Он все еще находился под впечатлением этого шторма. Я дал ему выговориться, потом сказал небрежно, словно возвращаясь к менее серьезной теме:
-- Я полагаю, вы желаете выдать береговым властям своего помощника?
Да, он хотел предать его в руки правосудия. Его тупое упорство в этом пункте казалось чем-то непонятным и немного жутким, таинственным. И он беспокоился, как бы его не заподозрили "в потворстве подобным деяниям". Тридцать семь добродетельных лет на море, из них двадцать лет безупречного командования, а последние пятнадцать на "Сефоре", казалось, наложили на него какие-то жестокие обязательства.

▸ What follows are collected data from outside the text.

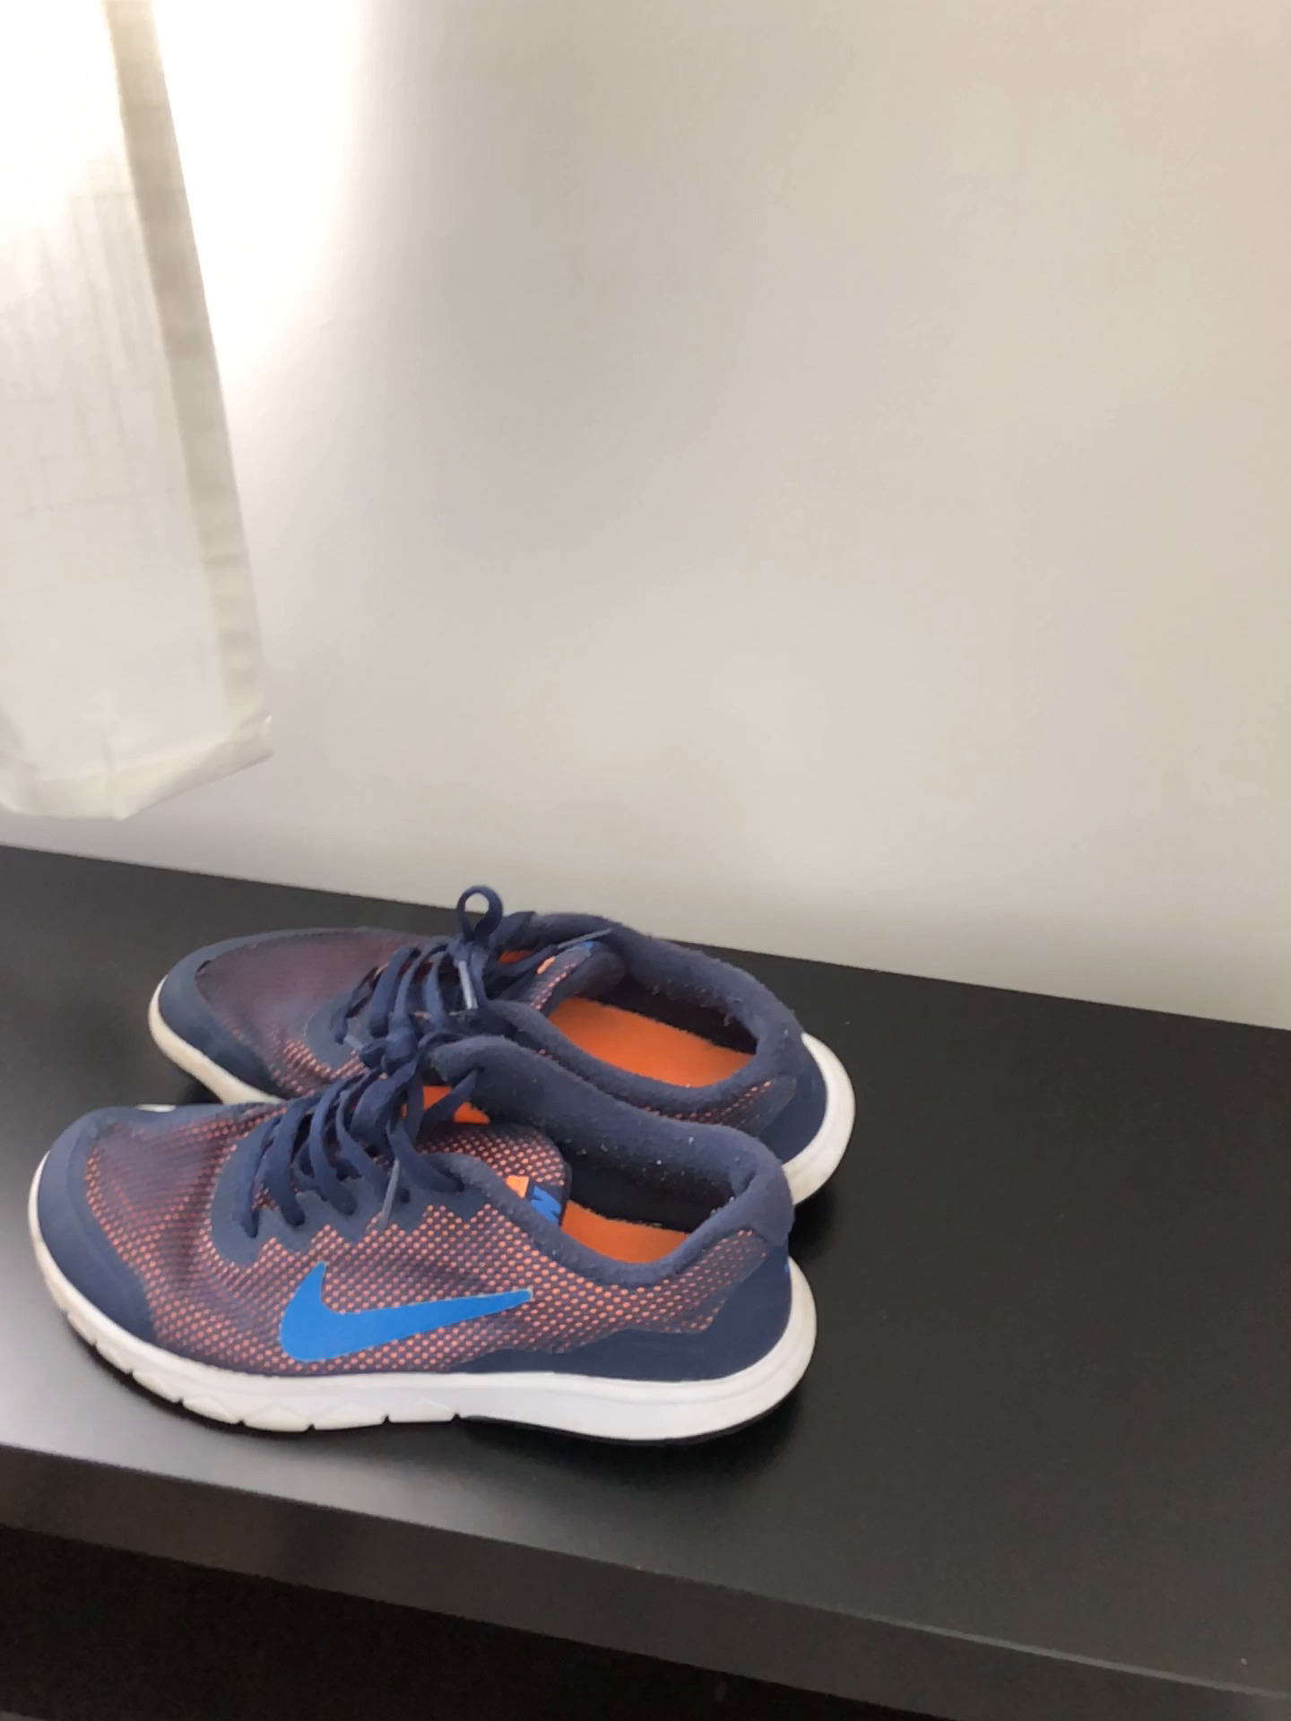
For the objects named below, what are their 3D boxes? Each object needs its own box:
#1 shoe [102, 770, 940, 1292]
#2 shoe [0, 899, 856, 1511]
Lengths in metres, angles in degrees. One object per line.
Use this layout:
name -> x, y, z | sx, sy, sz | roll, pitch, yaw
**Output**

-- Знаете ли, -- продолжал он, стыдливо копаясь в своих чувствах,-ведь не я назначил этого малого. Его родственники вели какие-то дела с моими хозяевами, и я отчасти вынужден был его взять. Он очень красивый парень, очень воспитанный, но мне он почему-то никогда не нравился. Я -- человек простой. Он как-то не подходил к типу старшего помощника на таком судне, как "Сефора".